The War Room: When One Customer Nearly Broke the Internet

 

The War Room: When One Customer Nearly Broke the Internet

Inside the room where the internet gets saved. A dramatized account of the four-hour crisis between Cloudflare and AWS.


Aaron Rose

Aaron Rose       
Software Engineer & Technology Writer


The War Room: Inside Cloudflare's August 21 Crisis

The technical report from Cloudflare's August 21, 2025, network incident is a masterclass in post-mortem analysis. It details the cascade of events that caused severe congestion between their infrastructure and AWS us-east-1, affecting thousands of customers for four hours. But what the report doesn't capture is the human story—the fear, the controlled chaos, and the split-second decisions made inside the war room. This is my imagined account of what that day might have been like.

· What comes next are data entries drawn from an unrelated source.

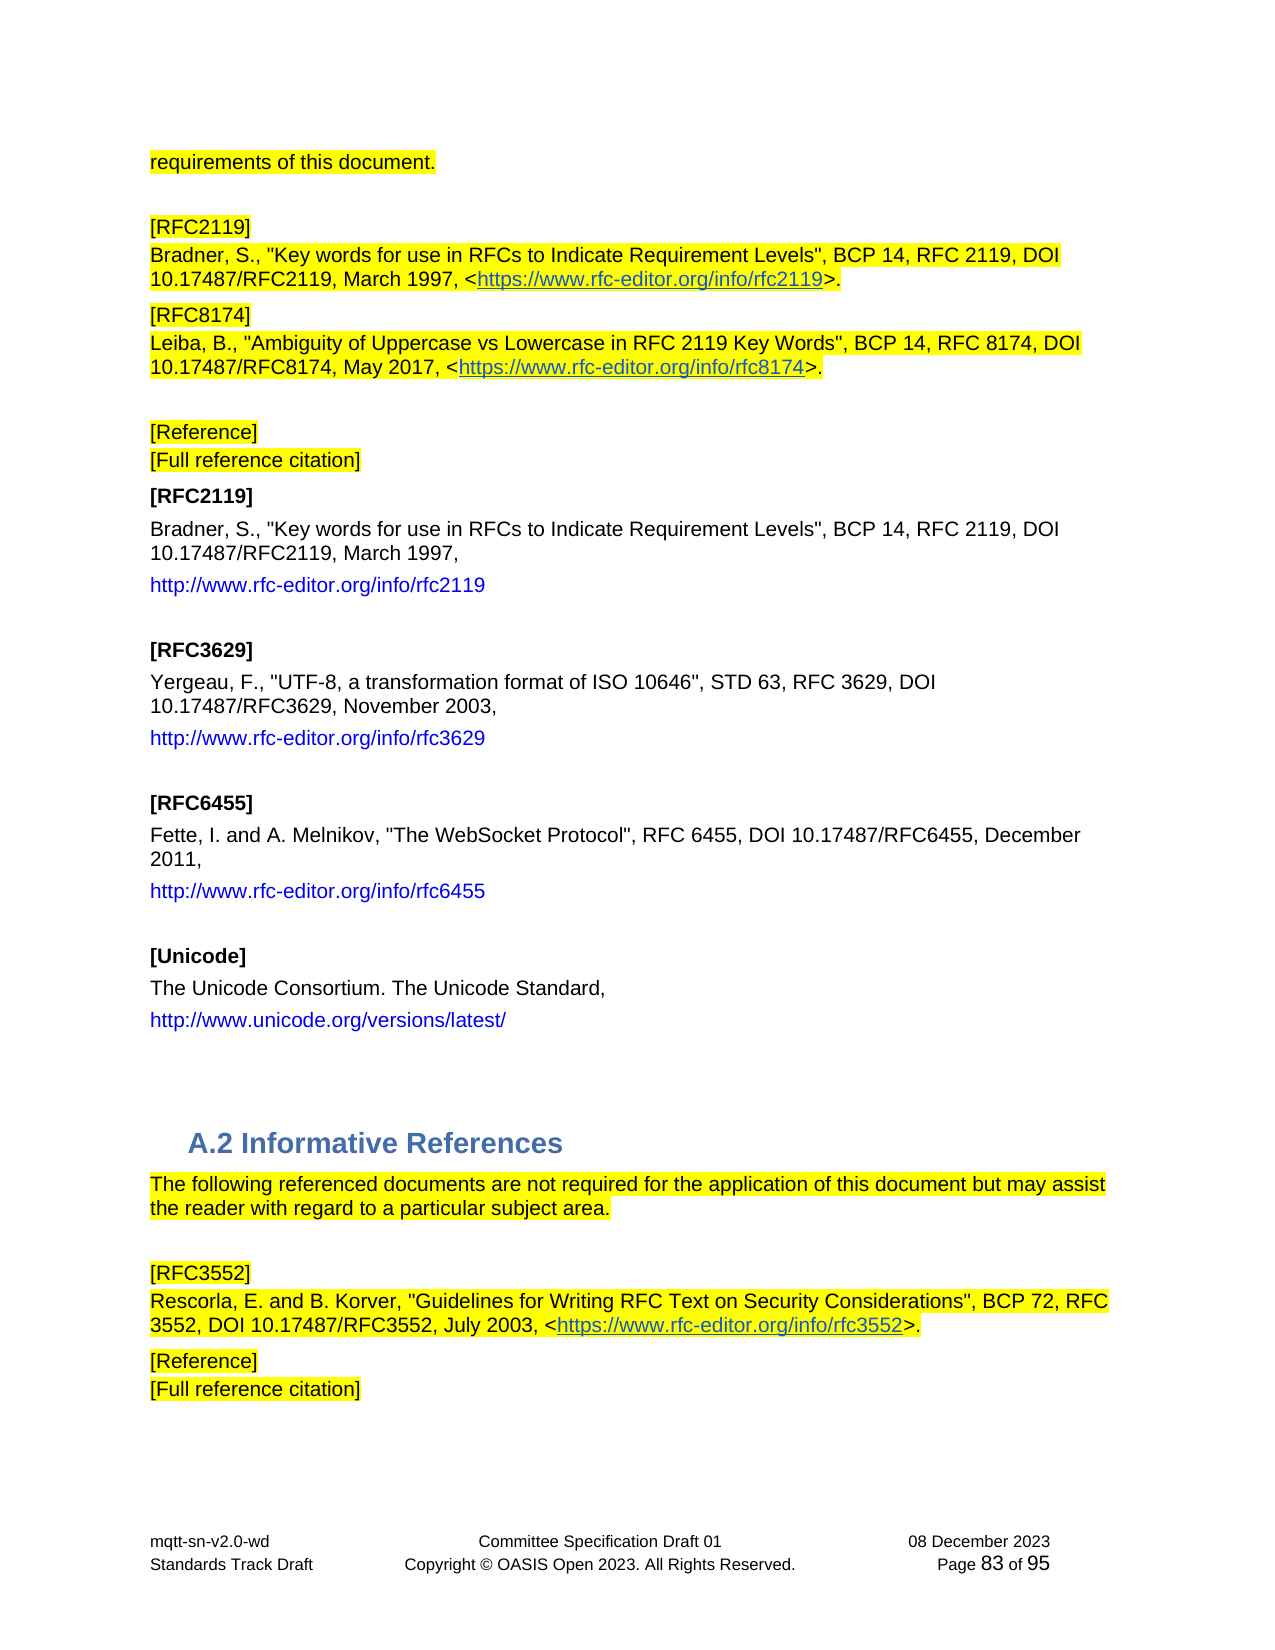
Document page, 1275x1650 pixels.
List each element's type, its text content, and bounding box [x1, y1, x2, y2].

text Leiba, B., "Ambiguity of Uppercase vs Lowercase in RFC 2119 Key Words", BCP 14, RFC 8174, DOI 10.17487/RFC8174, May 2017, <https://www.rfc-editor.org/info/rfc8174>. [150, 331, 1125, 379]
text [Unicode] [150, 944, 1125, 968]
text [Reference] [150, 420, 1125, 444]
text The Unicode Consortium. The Unicode Standard, [150, 976, 1125, 1000]
text [RFC2119] [150, 214, 1125, 238]
text [RFC2119] [150, 484, 1125, 508]
text [Reference] [150, 1349, 1125, 1373]
text The following referenced documents are not required for the application of this document but may assist the reader with regard to a particular subject area. [150, 1172, 1125, 1220]
text Bradner, S., "Key words for use in RFCs to Indicate Requirement Levels", BCP 14, RFC 2119, DOI 10.17487/RFC2119, March 1997, <https://www.rfc-editor.org/info/rfc2119>. [150, 243, 1125, 291]
text [RFC8174] [150, 303, 1125, 327]
text [Full reference citation] [150, 448, 1125, 472]
text [RFC3629] [150, 637, 1125, 661]
text http://www.rfc-editor.org/info/rfc2119 [150, 573, 1125, 597]
text Rescorla, E. and B. Korver, "Guidelines for Writing RFC Text on Security Considerations", BCP 72, RFC 3552, DOI 10.17487/RFC3552, July 2003, <https://www.rfc-editor.org/info/rfc3552>. [150, 1289, 1125, 1337]
text http://www.rfc-editor.org/info/rfc3629 [150, 726, 1125, 750]
subtitle A.2 Informative References [187, 1126, 1125, 1159]
text http://www.unicode.org/versions/latest/ [150, 1008, 1125, 1032]
text Yergeau, F., "UTF-8, a transformation format of ISO 10646", STD 63, RFC 3629, DOI 10.17487/RFC3629, November 2003, [150, 670, 1125, 718]
text Fette, I. and A. Melnikov, "The WebSocket Protocol", RFC 6455, DOI 10.17487/RFC6455, December 2011, [150, 823, 1125, 871]
text requirements of this document. [150, 150, 1125, 174]
text [RFC6455] [150, 791, 1125, 814]
text Bradner, S., "Key words for use in RFCs to Indicate Requirement Levels", BCP 14, RFC 2119, DOI 10.17487/RFC2119, March 1997, [150, 517, 1125, 564]
text [Full reference citation] [150, 1377, 1125, 1401]
text [RFC3552] [150, 1261, 1125, 1284]
text http://www.rfc-editor.org/info/rfc6455 [150, 879, 1125, 903]

5:22 PM UTC - Conference Room Zulu

The war room at Cloudflare's San Francisco headquarters buzzed with the nervous energy of controlled chaos. Multiple monitors displayed cascading graphs, network topology diagrams, and real-time metrics that painted an increasingly alarming picture. Harvey Chen, Principal Engineering Manager and today's Incident Commander, stood at the head of the table like a general surveying a battlefield.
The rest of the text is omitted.